## What is required
The line containing "text De afdeling Bedrijfsvoering" marks where copying starts, so set down that line and each one after it exactly, through the end of the records.

***** Source data *****

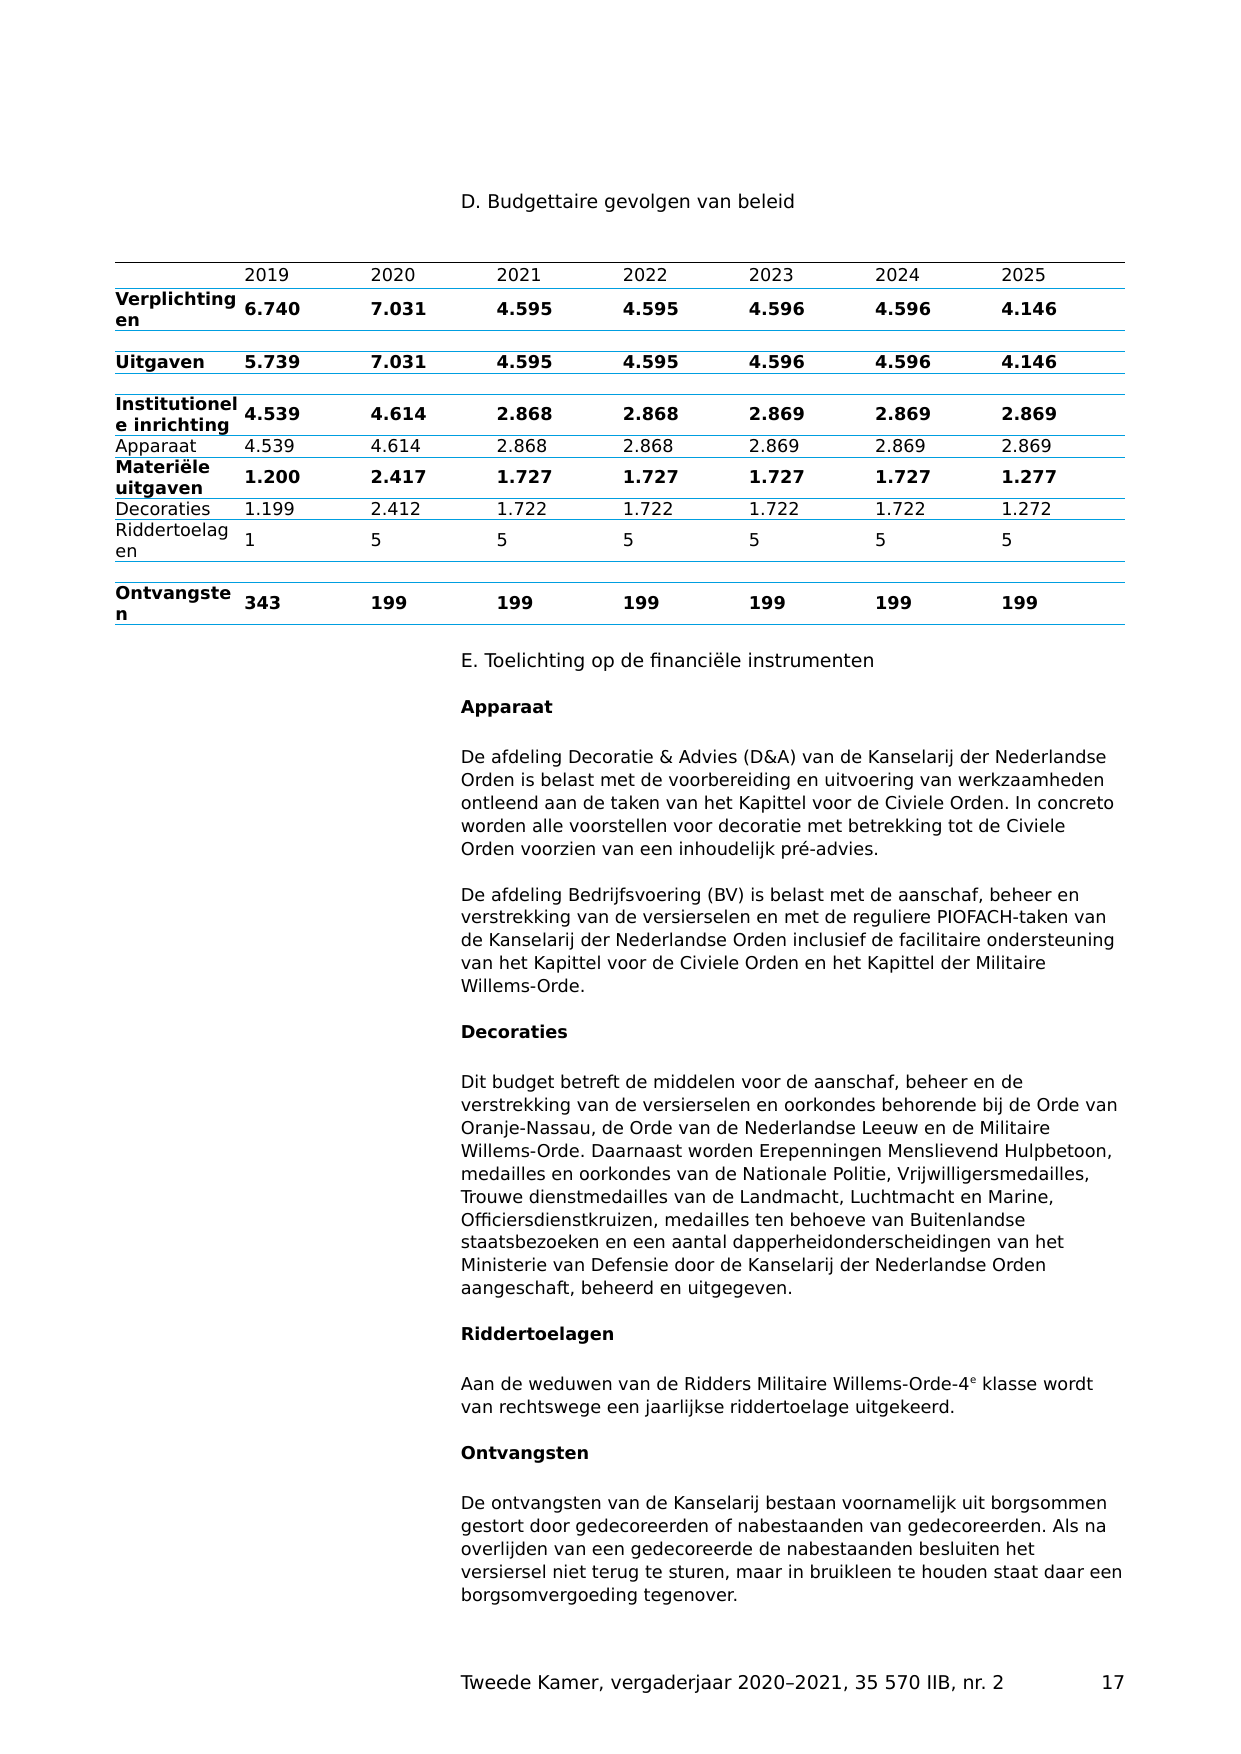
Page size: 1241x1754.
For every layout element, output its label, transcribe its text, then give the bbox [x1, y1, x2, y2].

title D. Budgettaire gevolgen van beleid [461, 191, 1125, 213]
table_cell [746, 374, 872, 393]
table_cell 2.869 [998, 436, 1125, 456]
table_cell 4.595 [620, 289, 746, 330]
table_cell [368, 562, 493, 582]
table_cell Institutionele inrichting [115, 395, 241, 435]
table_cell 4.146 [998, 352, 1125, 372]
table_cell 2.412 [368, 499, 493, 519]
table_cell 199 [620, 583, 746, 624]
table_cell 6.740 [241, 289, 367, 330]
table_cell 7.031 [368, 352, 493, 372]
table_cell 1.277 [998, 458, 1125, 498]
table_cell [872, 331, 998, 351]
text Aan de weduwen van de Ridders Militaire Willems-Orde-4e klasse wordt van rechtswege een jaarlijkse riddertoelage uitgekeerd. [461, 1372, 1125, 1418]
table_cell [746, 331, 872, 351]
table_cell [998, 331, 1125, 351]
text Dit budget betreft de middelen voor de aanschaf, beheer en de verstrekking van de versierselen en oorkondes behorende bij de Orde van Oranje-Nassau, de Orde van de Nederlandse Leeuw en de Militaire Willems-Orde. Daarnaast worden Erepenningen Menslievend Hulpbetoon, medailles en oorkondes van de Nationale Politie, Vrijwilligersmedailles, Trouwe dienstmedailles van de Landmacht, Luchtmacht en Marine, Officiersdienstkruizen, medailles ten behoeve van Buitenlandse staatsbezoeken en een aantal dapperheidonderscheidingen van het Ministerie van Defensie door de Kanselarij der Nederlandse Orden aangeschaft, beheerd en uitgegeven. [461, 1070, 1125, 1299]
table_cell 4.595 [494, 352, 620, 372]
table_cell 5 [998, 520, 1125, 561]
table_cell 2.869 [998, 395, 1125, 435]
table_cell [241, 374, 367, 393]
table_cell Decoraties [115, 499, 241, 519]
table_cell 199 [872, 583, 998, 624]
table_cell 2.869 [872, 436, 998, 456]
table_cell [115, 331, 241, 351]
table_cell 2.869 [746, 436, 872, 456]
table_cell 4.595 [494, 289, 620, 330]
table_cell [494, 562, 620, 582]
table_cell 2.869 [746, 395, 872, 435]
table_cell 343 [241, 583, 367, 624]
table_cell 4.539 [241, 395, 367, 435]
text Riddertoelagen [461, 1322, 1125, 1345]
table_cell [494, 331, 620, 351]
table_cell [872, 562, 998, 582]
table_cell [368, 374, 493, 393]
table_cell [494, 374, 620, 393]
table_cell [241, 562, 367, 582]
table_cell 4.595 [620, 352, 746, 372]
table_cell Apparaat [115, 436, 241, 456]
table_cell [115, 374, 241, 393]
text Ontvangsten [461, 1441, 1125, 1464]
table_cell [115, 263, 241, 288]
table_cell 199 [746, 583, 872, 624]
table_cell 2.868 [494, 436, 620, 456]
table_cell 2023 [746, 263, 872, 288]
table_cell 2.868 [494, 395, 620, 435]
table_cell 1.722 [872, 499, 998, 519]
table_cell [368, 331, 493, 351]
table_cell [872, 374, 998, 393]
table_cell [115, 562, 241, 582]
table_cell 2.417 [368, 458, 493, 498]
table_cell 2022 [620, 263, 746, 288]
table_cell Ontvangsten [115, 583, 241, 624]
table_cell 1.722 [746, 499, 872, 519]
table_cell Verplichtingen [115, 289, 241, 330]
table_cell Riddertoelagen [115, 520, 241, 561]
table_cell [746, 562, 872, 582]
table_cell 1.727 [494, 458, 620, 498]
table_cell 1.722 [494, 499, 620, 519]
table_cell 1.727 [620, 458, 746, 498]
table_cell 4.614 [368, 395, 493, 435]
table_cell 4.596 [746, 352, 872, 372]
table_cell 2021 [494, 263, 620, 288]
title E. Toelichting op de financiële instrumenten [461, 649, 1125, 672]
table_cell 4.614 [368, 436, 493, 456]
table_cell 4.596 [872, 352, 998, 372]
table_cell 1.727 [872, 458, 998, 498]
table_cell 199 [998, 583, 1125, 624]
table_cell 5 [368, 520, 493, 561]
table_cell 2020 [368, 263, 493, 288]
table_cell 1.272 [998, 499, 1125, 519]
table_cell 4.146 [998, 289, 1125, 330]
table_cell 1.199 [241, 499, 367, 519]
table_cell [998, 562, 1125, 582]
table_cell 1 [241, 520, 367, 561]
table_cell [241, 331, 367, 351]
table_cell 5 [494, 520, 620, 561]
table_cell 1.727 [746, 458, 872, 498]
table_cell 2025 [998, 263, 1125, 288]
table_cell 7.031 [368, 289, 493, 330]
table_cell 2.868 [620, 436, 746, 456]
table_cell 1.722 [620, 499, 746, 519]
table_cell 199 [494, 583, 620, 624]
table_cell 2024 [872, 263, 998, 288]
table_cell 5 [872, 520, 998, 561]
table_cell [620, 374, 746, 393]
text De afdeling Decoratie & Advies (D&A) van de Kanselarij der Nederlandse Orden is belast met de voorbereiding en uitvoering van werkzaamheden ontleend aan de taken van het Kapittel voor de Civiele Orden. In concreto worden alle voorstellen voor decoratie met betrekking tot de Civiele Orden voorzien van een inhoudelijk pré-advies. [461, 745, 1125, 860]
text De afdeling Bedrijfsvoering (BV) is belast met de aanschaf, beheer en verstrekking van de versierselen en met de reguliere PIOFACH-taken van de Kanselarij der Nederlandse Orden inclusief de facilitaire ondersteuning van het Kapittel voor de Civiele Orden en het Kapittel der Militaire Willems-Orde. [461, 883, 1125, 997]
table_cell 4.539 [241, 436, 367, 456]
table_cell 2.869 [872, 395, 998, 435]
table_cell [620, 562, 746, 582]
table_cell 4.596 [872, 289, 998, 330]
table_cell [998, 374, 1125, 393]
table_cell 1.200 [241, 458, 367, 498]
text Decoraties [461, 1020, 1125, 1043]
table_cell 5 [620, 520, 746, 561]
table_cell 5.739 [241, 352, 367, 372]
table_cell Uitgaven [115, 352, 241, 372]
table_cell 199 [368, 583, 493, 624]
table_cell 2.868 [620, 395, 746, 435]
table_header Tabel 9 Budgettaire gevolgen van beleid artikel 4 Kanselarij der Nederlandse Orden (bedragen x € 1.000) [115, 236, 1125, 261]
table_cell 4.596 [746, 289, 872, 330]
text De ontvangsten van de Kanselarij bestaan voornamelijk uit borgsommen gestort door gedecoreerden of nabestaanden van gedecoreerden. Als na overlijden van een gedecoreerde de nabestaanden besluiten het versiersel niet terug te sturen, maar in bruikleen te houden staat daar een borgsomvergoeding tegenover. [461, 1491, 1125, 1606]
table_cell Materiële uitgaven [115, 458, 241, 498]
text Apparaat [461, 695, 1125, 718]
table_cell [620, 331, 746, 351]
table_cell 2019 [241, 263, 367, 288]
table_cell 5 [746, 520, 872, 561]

*****

## Solved exercise
text De afdeling Bedrijfsvoering (BV) is belast met de aanschaf, beheer en verstrekking van de versierselen en met de reguliere PIOFACH-taken van de Kanselarij der Nederlandse Orden inclusief de facilitaire ondersteuning van het Kapittel voor de Civiele Orden en het Kapittel der Militaire Willems-Orde. [461, 883, 1125, 997]
table_cell 4.539 [241, 436, 367, 456]
table_cell 2.869 [872, 395, 998, 435]
table_cell [620, 562, 746, 582]
table_cell 4.596 [872, 289, 998, 330]
table_cell [998, 374, 1125, 393]
table_cell 1.200 [241, 458, 367, 498]
text Decoraties [461, 1020, 1125, 1043]
table_cell 5 [620, 520, 746, 561]
table_cell 5.739 [241, 352, 367, 372]
table_cell Uitgaven [115, 352, 241, 372]
table_cell 199 [368, 583, 493, 624]
table_cell 2.868 [620, 395, 746, 435]
table_header Tabel 9 Budgettaire gevolgen van beleid artikel 4 Kanselarij der Nederlandse Orden (bedragen x € 1.000) [115, 236, 1125, 261]
table_cell 4.596 [746, 289, 872, 330]
text De ontvangsten van de Kanselarij bestaan voornamelijk uit borgsommen gestort door gedecoreerden of nabestaanden van gedecoreerden. Als na overlijden van een gedecoreerde de nabestaanden besluiten het versiersel niet terug te sturen, maar in bruikleen te houden staat daar een borgsomvergoeding tegenover. [461, 1491, 1125, 1606]
table_cell Materiële uitgaven [115, 458, 241, 498]
text Apparaat [461, 695, 1125, 718]
table_cell [620, 331, 746, 351]
table_cell 2019 [241, 263, 367, 288]
table_cell 5 [746, 520, 872, 561]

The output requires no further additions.